Jimmy Lydon, teenage Hollywood actor of the 1940s who enjoyed a long career in mostly low-budget films and television drama – obituary

Lydon gave Elizabeth Taylor her first screen kiss in Cynthia (1947) - Alamy
Lydon gave Elizabeth Taylor her first screen kiss in Cynthia (1947) - Alamy

Jimmy Lydon, who has died aged 98, enjoyed an assortment of male juvenile lead roles during the late 1940s, and is remembered particularly for giving Elizabeth Taylor her first screen kiss, in the 1947 romantic comedy Cynthia. “I was the junior-flyweight king of the B-pictures,” he said.

James Lydon was born in Harrington Park, New Jersey, on May 30 1923, the fifth of nine children, and was brought up in nearby Bergenfield. It was a difficult childhood, thanks to his domineering and alcoholic father, who in 1932 gave up his job, forcing the rest of the family to find work.

“Hollywood is a tough gig,” he said in 2010. “It’s particularly hard on children – I had to grow up fast. I wouldn’t recommend parents to push their youngsters that way.”

Young Jimmy made his way as a jobbing actor and bluffed his way on to Broadway in Western Waters (1937-38), set on a boat travelling down the Ohio River. He invented a string of other “successes”, and the producer Elsa Moses was hoodwinked into hiring him for one production. “My father lied daily,” Lydon later said. “I learnt from the pro.” The play, however, closed after one week.

Undaunted, he followed that with small roles in another short-lived Broadway show, Sunup to Sundown (in which his brother Ormond Lydon and the future film director Sidney Lumet, 13, also had bit parts), as well as the plays Prologue to Glory and The Happiest Days.

Lydon on the set of Henry Aldrich, Editor, 1942 - Alamy
Lydon on the set of Henry Aldrich, Editor, 1942 - Alamy

Moving out West, Lydon took a few minor parts in films before playing the young lead in Tom Brown’s School Days (1940), which featured acting royalty in Sir Cedric Hardwicke as Rugby School’s reforming headmaster Thomas Arnold. The reviews were good – especially for Hardwicke – though Lydon, according to one critic, was “believable and moving in the early portions, but too young for the final moments”.

He then took over from Jackie Cooper as the lead in nine instalments of the “Henry Aldrich” film series (1941-44), a screen spin-off from the radio sitcom The Aldrich Family about a mischievous teenager (played by Lydon) and his family.

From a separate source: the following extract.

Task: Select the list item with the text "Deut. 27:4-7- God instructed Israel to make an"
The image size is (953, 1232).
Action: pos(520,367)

The Henry Aldrich films were a spinoff from a long-running radio sitcom - Hulton Archive/Getty
The Henry Aldrich films were a spinoff from a long-running radio sitcom - Hulton Archive/Getty

He combined these with supporting roles in Cadets on Parade and My Best Gal in 1942 and, in 1944, the morale-boosting short The Road to Victory, featuring Cary Grant, Bing Crosby and Frank Sinatra.

Signing with Republic in 1944, the following year Lydon had his first adult lead role in the low-cost noir thriller Strange Illusion and supported the identical Wilde twins, Lee and Lyn, in the comedy Twice Blessed.

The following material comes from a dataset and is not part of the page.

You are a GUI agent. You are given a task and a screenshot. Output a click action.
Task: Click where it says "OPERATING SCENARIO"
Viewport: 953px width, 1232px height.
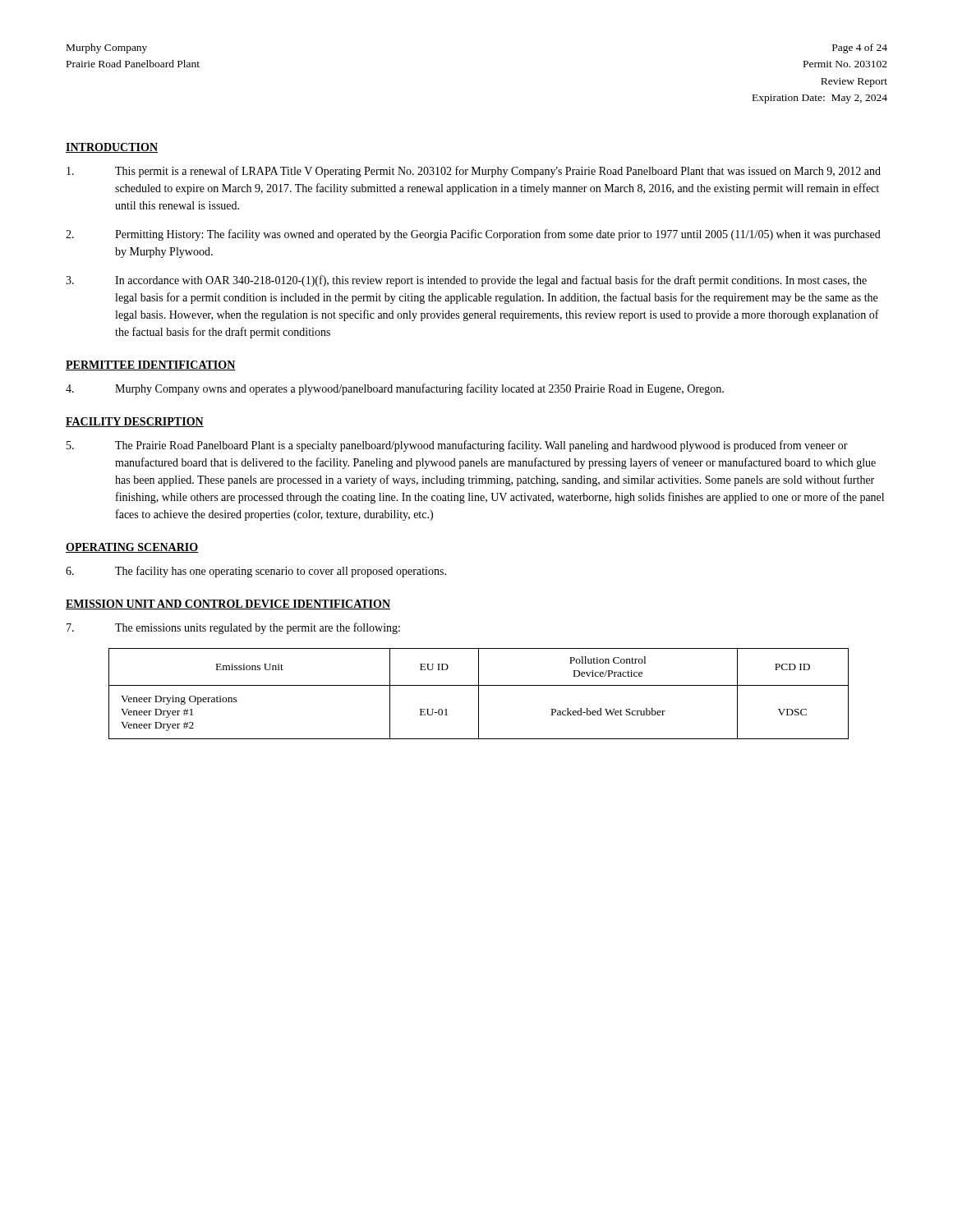tap(132, 547)

In the immediate post-war years he played a Yale-bound student in Life with Father – enjoying another screen romance with Elizabeth Taylor – then appeared in The Time of Your Life with James Cagney and, in 1953, Island in the Sky with John Wayne. In 1949 and 1950 he and Janet Waldo voiced the lead characters in the radio adaptation of the comic strip Young Love.

Lydon also served on the board of the Screen Actors Guild in the 1940s and was instrumental in creating a pension scheme for actors.

He made a smooth transition to the small screen, appearing as a newlywed in the first CBS soap opera The First Hundred Years (1951-52) – performed live – and he appeared in prime-time series such as Maverick, Colt .45, The Twilight Zone, The Untouchables, Dr Kildare, Wagon Train, Space Ranger – and 77 Sunset Strip, on which he was also an associate producer.

With Olive Stacey on the CBS TV soap opera The First Hundred Years
With Olive Stacey on the CBS TV soap opera The First Hundred Years

He undertook production duties on several other series, as well as directing a 1977 episode of The Six Million Dollar Man. He continued to have guest spots throughout the 1970s and 1980s, his final acting credit coming in the hospital drama series St Elsewhere in 1987.

Jimmy Lydon married, first, Patricia Pernetti in 1945. They were soon divorced, and in 1952 he married Betty Lou Nedell. She predeceased him by two months, and he is survived by their two daughters.